La proposition de la Commission va dans ce sens.

 Le 10 avril 1905, elle est combattue par Maurice Allard, député socialiste, qui estime qu’il y a différentes sortes de séparation. Celle que veulent les libres-penseurs est « celle qui amènera la diminution de la malfaisance de l’Eglise (catholique) et des religions ». Or, pour lui, le projet de la Commission ne va pas du tout dans ce sens. Au contraire, il  rompt avec la politique menée par le « parti républicain (…) depuis plus de trente années ».  Allard s’étonne qu’au moment du « combat décisif contre l’Eglise (catholique) », on demande de « déposer les armes  et d’offrir un projet dit libéral, tel qu’elle-même n’aurait jamais oser le souhaiter».

 Briand assume cette pacification et récuse l’alliance entre l’Etat républicain et la libre pensée : celle-ci devra compter, pour atteindre son but, « sur le seul effort de la propagande, sur la seule puissance de la raison ». Implicitement, il indique donc que la libre pensée, au même titre que les Eglises, sera séparée de l’Etat et que ce dernier va retrouver son rôle d’arbitre.
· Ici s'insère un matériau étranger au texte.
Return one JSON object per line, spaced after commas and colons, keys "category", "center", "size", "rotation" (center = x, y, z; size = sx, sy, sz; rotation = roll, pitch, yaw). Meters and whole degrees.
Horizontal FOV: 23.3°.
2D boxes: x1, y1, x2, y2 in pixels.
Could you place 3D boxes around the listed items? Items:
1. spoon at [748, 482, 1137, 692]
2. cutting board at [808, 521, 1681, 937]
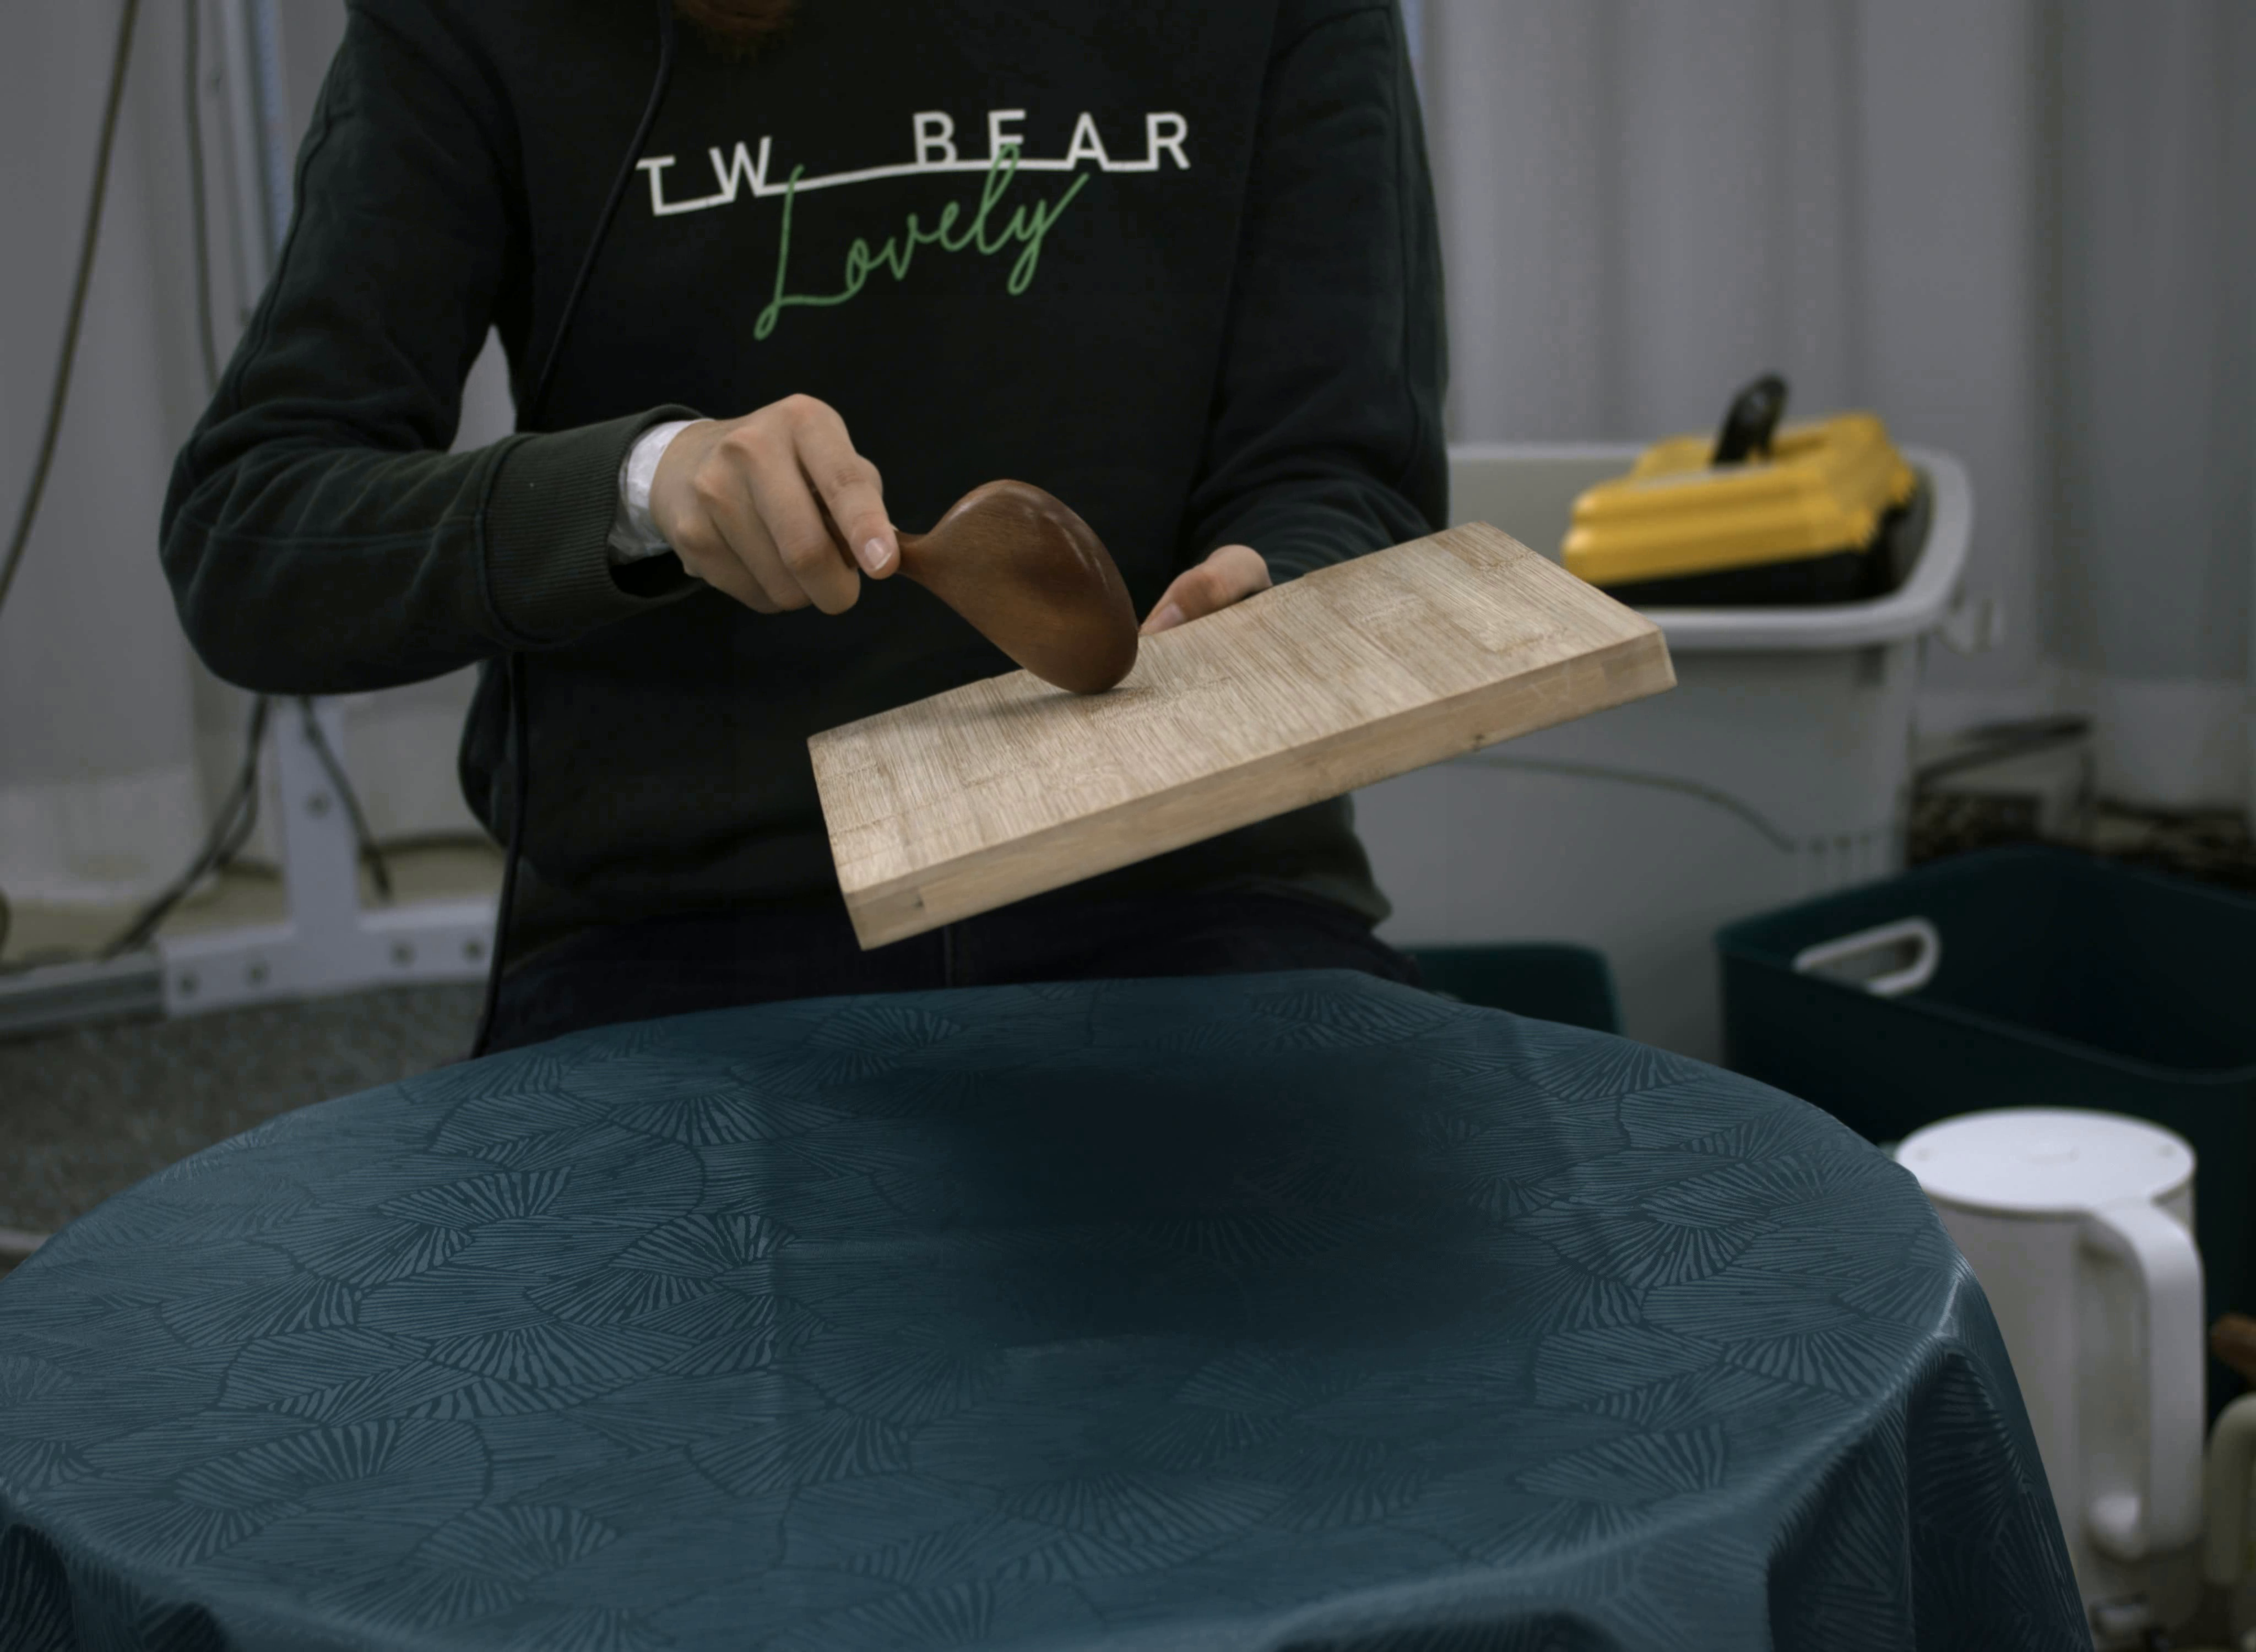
{"category": "spoon", "center": [-0.065, -0.085, 1.781], "size": [0.017, 0.075, 0.217], "rotation": [-34, 28, -24]}
{"category": "cutting board", "center": [0.023, -0.035, 1.685], "size": [0.250, 0.023, 0.350], "rotation": [-17, 9, -3]}

D’ailleurs le vocabulaire de Briand rompt avec la période précédente où la terminologie guerrière de la « République menacée » prédominait. Briand avait déjà dit à ses « amis » à la Chambre : « Ayez du sang-froid, sachez résister aux surenchères, ne craignez pas d’être taxés de modérés, d’opportunistes » (27 mai 1904). Là il déclare : « Je supplie (sic) mes amis de la majorité républicaine de résister au désire de faire (de la loi) une « manifestation anticléricale (…qui) pourrait mettre aux mains des ennemis de la République une arme dangereuse ».

Avant il fallait prendre des mesures répressives pour parer aux « dangers » encourus par la République ; maintenant ce serait la poursuite de telles mesures qui, indirectement, mettrait la République en danger[4]. On passe d’une vision exclusive à une vision  inclusive.


[1] La Note de protestation fut, en outre, transmise aux autres chefs d’Etat dit « catholiques » avec une phrase assez agressive qui ne figurait pas dans la version transmise au gouvernement français.

[2] Cf. R. Fabre,  Francis de Pressensé et la défense des Droits de l’Homme, Rennes, PUR, 2004.

[3] La séparation figurait depuis 1869 dans le programme républicain mais de Ferry, Gambetta et Paul Bert à Combes (en 1903), les responsables politiques l’avaient toujours refusée : libérale, elle faisait perdre au gouvernement ses moyens de contrôle, stricte elle risquait d’être mal acceptée par l’opinion.

[4] Sur les débats des Chambres,  cf. (Y. Bruley), La séparation des Eglises et de l’Etat, les textes fondateurs,  Tempus, 2005 et J.-M. Mayeur, La séparation des Eglises et de l’Etat, Les Ed. de l’Atelier, 2005.